The conflict between the Israelis and the Palestinians can be resolved without a two-state solution if Israel ends its military assault on Gaza and the U.S. withdraws support for Israeli Prime Minister Benjamin Netanyahu, according to Matt Duss, who served as foreign policy adviser to Sen. Bernie Sanders of Vermont from 2017 to 2022.
Duss and Tarek Masoud, Ford Foundation Professor of Democracy and Governance and faculty director of the Middle East Initiative at Harvard Kennedy School, engaged in a spirited conversation Feb. 29 at the Kennedy School about the Israel-Hamas conflict. It was the second in a series of Middle East talks Masoud has convened this semester with voices across the ideological spectrum. Jared Kushner, a one-time senior adviser to former President Donald Trump, earlier this month.
“My interlocutors in these discussions could not be more different from each other in terms of their beliefs, commitments, and analyses of the present situation,” Masoud wrote when the spring lineup was announced. “But they have been chosen because they represent points of view that I believe anyone who cares about the region can ill afford ignore.”
Duss supports a cease-fire in Gaza and called Israel’s sustained bombardment of the territory, launched in response to the Oct. 7 terror attack by Hamas, “indefensible.” The assault by Hamas left 1,200 dead and included sexual violence and torture. The group took more than 200 hostages. Israeli strikes in the months since have killed more than 30,000, according to Gaza’s health ministry, and crippled healthcare efforts.
“Israel has the right to protect its people, as does every country. It does not have the right to determine, by itself, what is appropriate and inappropriate,” Duss told Masoud before an audience made up largely of Masoud’s students. “And I think it’s very clear that Israel has in this conflict and in previous conflicts and frankly, throughout the process of the occupation, violated a whole set of those standards.”
Netanyahu’s promise to ensure that Israel never faces another Oct. 7 attack is “a legitimate goal,” said Duss, executive vice president of the Center for International Policy in Washington. But because trying to do so by wiping out Hamas is not “realistic,” he said, the scale and intensity of Israel’s assaults need to be questioned.
Asked about options for post-war governance of Gaza, Duss said that “none of them are great,” especially if Israeli forces maintain a presence in the territory. “That’s a problem,” he said. Restoring the Palestinian Authority would also be “extremely problematic,” given its corruption and ineffectiveness.

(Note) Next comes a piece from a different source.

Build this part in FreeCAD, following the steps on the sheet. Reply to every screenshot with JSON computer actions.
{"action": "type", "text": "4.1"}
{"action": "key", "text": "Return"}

One possibility might be a “transitional trusteeship” overseen by an international coalition, according to Duss.
“I do think whatever kind of solution we arrive at, what is going to make it effective at all” is the U.S.-led community showing “that we are committed to following through on the promise, finally, of Palestinian liberation,” he said.

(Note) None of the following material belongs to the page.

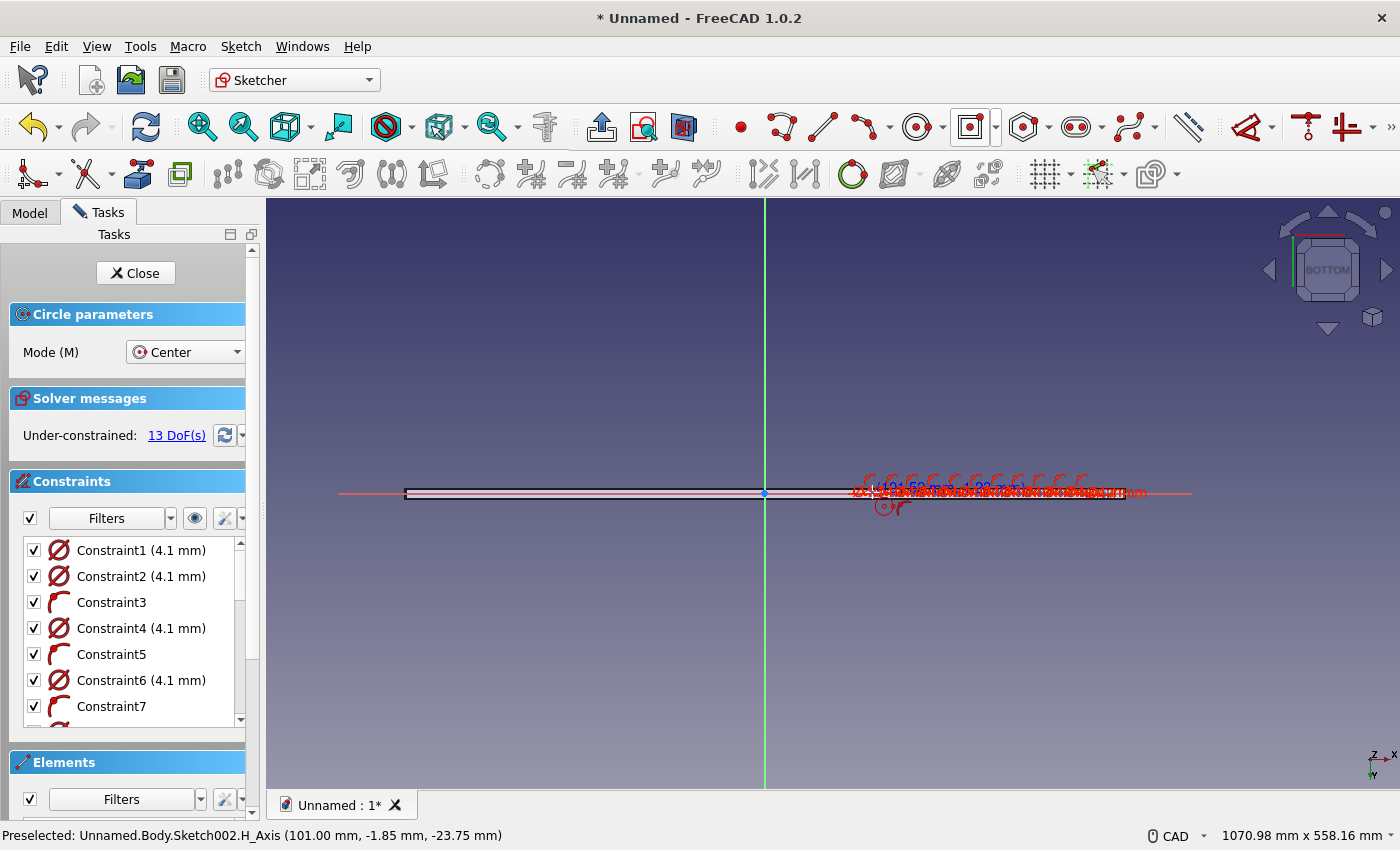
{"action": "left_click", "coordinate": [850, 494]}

Calling talk of a two-state solution “an easy out” for U.S. lawmakers to avoid addressing the crisis at hand, Duss insisted that there is a land-sharing scenario in which Israelis and Palestinians can peacefully coexist. Skeptical that Palestinian statehood would weaken Hamas, Masoud noted that such an arrangement would be a “huge risk” for Israel. Duss conceded the point, saying it would “take time” to finesse.
“The challenge of the so-called peace process is that the international community basically made a promise to the Palestinians: ‘End violence, end terrorism, commit to nonviolence and the democratic process, and you’ll have self-determination,’” he said. “And we have shown them that that is not true.”
The situation amounts to “a recruiting program for Hamas,” allowing the group to tell the Palestinian people that everything they’ve heard about “this process has been a lie.”
Masoud sharply disagreed. “It wasn’t a lie. It was true! And then, every time that the Palestinians were offered a deal, they turned it down.”
But while Duss blamed the Palestinians for “some bad choices,” he said it was “simplistic” to claim they have spurned every potential deal.
Leaders on both sides have made “enormous mistakes,” he said.